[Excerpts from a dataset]

+++

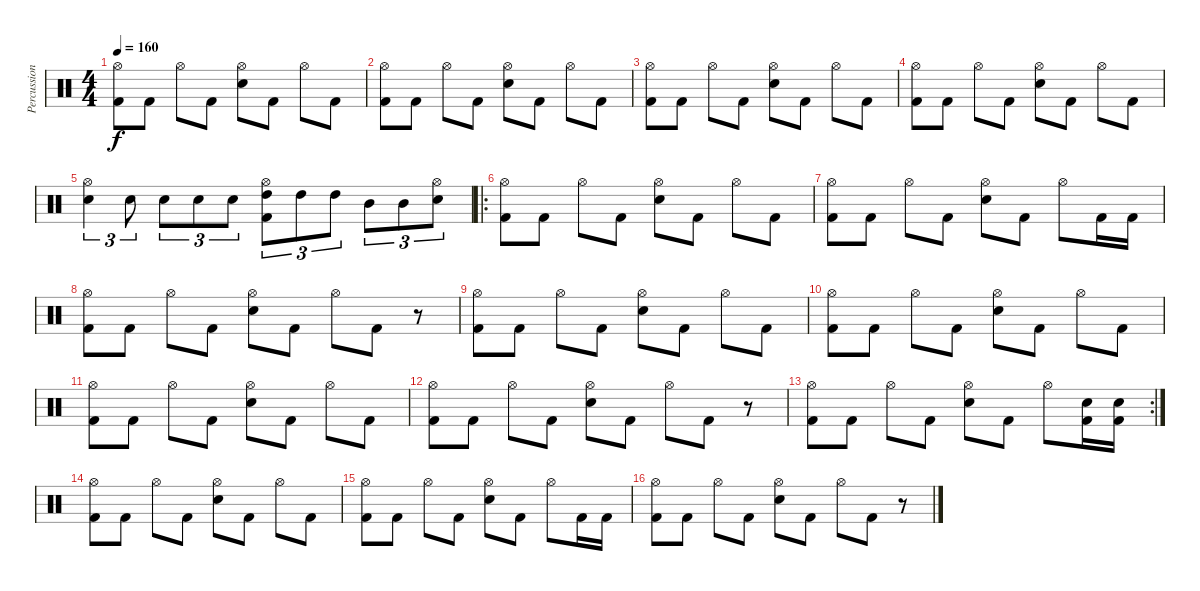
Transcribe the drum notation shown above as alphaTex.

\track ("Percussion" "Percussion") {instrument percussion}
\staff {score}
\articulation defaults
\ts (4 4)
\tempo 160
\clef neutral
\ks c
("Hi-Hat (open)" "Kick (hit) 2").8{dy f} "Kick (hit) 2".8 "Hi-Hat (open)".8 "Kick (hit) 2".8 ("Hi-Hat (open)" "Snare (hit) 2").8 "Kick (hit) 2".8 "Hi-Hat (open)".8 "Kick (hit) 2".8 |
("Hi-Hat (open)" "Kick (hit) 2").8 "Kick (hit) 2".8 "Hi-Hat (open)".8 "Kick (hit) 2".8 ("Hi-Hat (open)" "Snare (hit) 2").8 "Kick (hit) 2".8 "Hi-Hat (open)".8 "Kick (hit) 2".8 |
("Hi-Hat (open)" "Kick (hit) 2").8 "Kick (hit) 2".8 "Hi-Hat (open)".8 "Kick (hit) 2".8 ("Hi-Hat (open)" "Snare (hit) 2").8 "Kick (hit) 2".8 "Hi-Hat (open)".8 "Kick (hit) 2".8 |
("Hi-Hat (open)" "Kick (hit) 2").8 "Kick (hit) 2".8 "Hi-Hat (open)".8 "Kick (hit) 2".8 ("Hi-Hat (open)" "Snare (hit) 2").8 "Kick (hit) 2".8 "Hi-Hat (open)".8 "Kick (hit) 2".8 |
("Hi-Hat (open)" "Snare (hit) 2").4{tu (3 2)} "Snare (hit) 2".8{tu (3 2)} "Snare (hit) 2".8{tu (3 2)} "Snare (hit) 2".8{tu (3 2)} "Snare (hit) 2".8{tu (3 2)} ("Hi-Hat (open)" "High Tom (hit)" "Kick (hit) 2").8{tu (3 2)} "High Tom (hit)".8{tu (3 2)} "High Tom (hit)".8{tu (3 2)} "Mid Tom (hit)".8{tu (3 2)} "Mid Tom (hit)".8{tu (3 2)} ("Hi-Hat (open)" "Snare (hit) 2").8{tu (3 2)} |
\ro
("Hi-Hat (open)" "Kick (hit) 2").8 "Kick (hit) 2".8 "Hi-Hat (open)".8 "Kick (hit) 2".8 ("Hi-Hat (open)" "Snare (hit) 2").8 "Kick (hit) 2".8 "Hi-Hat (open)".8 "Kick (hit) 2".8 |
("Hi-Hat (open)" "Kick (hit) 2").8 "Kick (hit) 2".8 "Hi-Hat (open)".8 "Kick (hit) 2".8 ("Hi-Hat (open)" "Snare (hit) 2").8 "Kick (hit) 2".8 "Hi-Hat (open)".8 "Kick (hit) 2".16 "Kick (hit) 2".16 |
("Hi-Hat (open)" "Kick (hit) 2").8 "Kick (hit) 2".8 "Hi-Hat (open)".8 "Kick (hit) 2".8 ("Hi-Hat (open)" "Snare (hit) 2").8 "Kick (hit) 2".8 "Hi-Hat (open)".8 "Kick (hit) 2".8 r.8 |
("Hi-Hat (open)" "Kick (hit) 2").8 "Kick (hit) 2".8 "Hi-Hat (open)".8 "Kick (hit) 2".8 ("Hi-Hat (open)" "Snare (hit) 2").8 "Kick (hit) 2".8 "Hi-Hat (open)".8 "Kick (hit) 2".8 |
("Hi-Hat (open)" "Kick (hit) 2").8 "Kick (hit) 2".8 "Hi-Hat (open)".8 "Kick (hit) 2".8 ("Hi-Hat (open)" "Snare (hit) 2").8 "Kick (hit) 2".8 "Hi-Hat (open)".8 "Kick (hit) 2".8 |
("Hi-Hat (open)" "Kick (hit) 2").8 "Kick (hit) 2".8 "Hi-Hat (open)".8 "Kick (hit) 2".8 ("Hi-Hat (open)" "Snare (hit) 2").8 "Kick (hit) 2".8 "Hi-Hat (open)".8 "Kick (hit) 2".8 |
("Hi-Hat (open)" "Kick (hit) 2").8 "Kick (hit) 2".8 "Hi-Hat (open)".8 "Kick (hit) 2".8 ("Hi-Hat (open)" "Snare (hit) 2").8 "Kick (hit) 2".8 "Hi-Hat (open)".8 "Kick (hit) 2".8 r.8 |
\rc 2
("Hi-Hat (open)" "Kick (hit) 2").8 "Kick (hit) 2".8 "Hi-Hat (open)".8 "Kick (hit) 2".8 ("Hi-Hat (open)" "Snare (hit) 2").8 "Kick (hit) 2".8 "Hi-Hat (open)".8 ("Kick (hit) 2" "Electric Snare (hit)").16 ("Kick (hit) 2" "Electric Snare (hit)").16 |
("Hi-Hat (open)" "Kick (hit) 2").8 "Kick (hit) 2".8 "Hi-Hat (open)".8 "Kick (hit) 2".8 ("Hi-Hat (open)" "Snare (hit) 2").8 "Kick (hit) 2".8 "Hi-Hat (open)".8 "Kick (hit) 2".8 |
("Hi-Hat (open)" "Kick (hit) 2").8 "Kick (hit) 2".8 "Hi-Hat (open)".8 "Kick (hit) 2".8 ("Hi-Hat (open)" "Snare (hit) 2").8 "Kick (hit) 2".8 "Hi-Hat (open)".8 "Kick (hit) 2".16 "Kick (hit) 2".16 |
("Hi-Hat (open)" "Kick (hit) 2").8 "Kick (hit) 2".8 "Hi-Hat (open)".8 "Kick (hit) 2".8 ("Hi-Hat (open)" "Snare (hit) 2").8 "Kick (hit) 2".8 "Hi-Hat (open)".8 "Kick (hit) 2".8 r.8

+++

THE TASK: The lines above must be transcribed exactly, with every picture left out.

SOLVED EXERCISE:
Transcribe the drum notation shown above as alphaTex.

\track ("Percussion" "Percussion") {instrument percussion}
\staff {score}
\articulation defaults
\ts (4 4)
\tempo 160
\clef neutral
\ks c
("Hi-Hat (open)" "Kick (hit) 2").8{dy f} "Kick (hit) 2".8 "Hi-Hat (open)".8 "Kick (hit) 2".8 ("Hi-Hat (open)" "Snare (hit) 2").8 "Kick (hit) 2".8 "Hi-Hat (open)".8 "Kick (hit) 2".8 |
("Hi-Hat (open)" "Kick (hit) 2").8 "Kick (hit) 2".8 "Hi-Hat (open)".8 "Kick (hit) 2".8 ("Hi-Hat (open)" "Snare (hit) 2").8 "Kick (hit) 2".8 "Hi-Hat (open)".8 "Kick (hit) 2".8 |
("Hi-Hat (open)" "Kick (hit) 2").8 "Kick (hit) 2".8 "Hi-Hat (open)".8 "Kick (hit) 2".8 ("Hi-Hat (open)" "Snare (hit) 2").8 "Kick (hit) 2".8 "Hi-Hat (open)".8 "Kick (hit) 2".8 |
("Hi-Hat (open)" "Kick (hit) 2").8 "Kick (hit) 2".8 "Hi-Hat (open)".8 "Kick (hit) 2".8 ("Hi-Hat (open)" "Snare (hit) 2").8 "Kick (hit) 2".8 "Hi-Hat (open)".8 "Kick (hit) 2".8 |
("Hi-Hat (open)" "Snare (hit) 2").4{tu (3 2)} "Snare (hit) 2".8{tu (3 2)} "Snare (hit) 2".8{tu (3 2)} "Snare (hit) 2".8{tu (3 2)} "Snare (hit) 2".8{tu (3 2)} ("Hi-Hat (open)" "High Tom (hit)" "Kick (hit) 2").8{tu (3 2)} "High Tom (hit)".8{tu (3 2)} "High Tom (hit)".8{tu (3 2)} "Mid Tom (hit)".8{tu (3 2)} "Mid Tom (hit)".8{tu (3 2)} ("Hi-Hat (open)" "Snare (hit) 2").8{tu (3 2)} |
\ro
("Hi-Hat (open)" "Kick (hit) 2").8 "Kick (hit) 2".8 "Hi-Hat (open)".8 "Kick (hit) 2".8 ("Hi-Hat (open)" "Snare (hit) 2").8 "Kick (hit) 2".8 "Hi-Hat (open)".8 "Kick (hit) 2".8 |
("Hi-Hat (open)" "Kick (hit) 2").8 "Kick (hit) 2".8 "Hi-Hat (open)".8 "Kick (hit) 2".8 ("Hi-Hat (open)" "Snare (hit) 2").8 "Kick (hit) 2".8 "Hi-Hat (open)".8 "Kick (hit) 2".16 "Kick (hit) 2".16 |
("Hi-Hat (open)" "Kick (hit) 2").8 "Kick (hit) 2".8 "Hi-Hat (open)".8 "Kick (hit) 2".8 ("Hi-Hat (open)" "Snare (hit) 2").8 "Kick (hit) 2".8 "Hi-Hat (open)".8 "Kick (hit) 2".8 r.8 |
("Hi-Hat (open)" "Kick (hit) 2").8 "Kick (hit) 2".8 "Hi-Hat (open)".8 "Kick (hit) 2".8 ("Hi-Hat (open)" "Snare (hit) 2").8 "Kick (hit) 2".8 "Hi-Hat (open)".8 "Kick (hit) 2".8 |
("Hi-Hat (open)" "Kick (hit) 2").8 "Kick (hit) 2".8 "Hi-Hat (open)".8 "Kick (hit) 2".8 ("Hi-Hat (open)" "Snare (hit) 2").8 "Kick (hit) 2".8 "Hi-Hat (open)".8 "Kick (hit) 2".8 |
("Hi-Hat (open)" "Kick (hit) 2").8 "Kick (hit) 2".8 "Hi-Hat (open)".8 "Kick (hit) 2".8 ("Hi-Hat (open)" "Snare (hit) 2").8 "Kick (hit) 2".8 "Hi-Hat (open)".8 "Kick (hit) 2".8 |
("Hi-Hat (open)" "Kick (hit) 2").8 "Kick (hit) 2".8 "Hi-Hat (open)".8 "Kick (hit) 2".8 ("Hi-Hat (open)" "Snare (hit) 2").8 "Kick (hit) 2".8 "Hi-Hat (open)".8 "Kick (hit) 2".8 r.8 |
\rc 2
("Hi-Hat (open)" "Kick (hit) 2").8 "Kick (hit) 2".8 "Hi-Hat (open)".8 "Kick (hit) 2".8 ("Hi-Hat (open)" "Snare (hit) 2").8 "Kick (hit) 2".8 "Hi-Hat (open)".8 ("Kick (hit) 2" "Electric Snare (hit)").16 ("Kick (hit) 2" "Electric Snare (hit)").16 |
("Hi-Hat (open)" "Kick (hit) 2").8 "Kick (hit) 2".8 "Hi-Hat (open)".8 "Kick (hit) 2".8 ("Hi-Hat (open)" "Snare (hit) 2").8 "Kick (hit) 2".8 "Hi-Hat (open)".8 "Kick (hit) 2".8 |
("Hi-Hat (open)" "Kick (hit) 2").8 "Kick (hit) 2".8 "Hi-Hat (open)".8 "Kick (hit) 2".8 ("Hi-Hat (open)" "Snare (hit) 2").8 "Kick (hit) 2".8 "Hi-Hat (open)".8 "Kick (hit) 2".16 "Kick (hit) 2".16 |
("Hi-Hat (open)" "Kick (hit) 2").8 "Kick (hit) 2".8 "Hi-Hat (open)".8 "Kick (hit) 2".8 ("Hi-Hat (open)" "Snare (hit) 2").8 "Kick (hit) 2".8 "Hi-Hat (open)".8 "Kick (hit) 2".8 r.8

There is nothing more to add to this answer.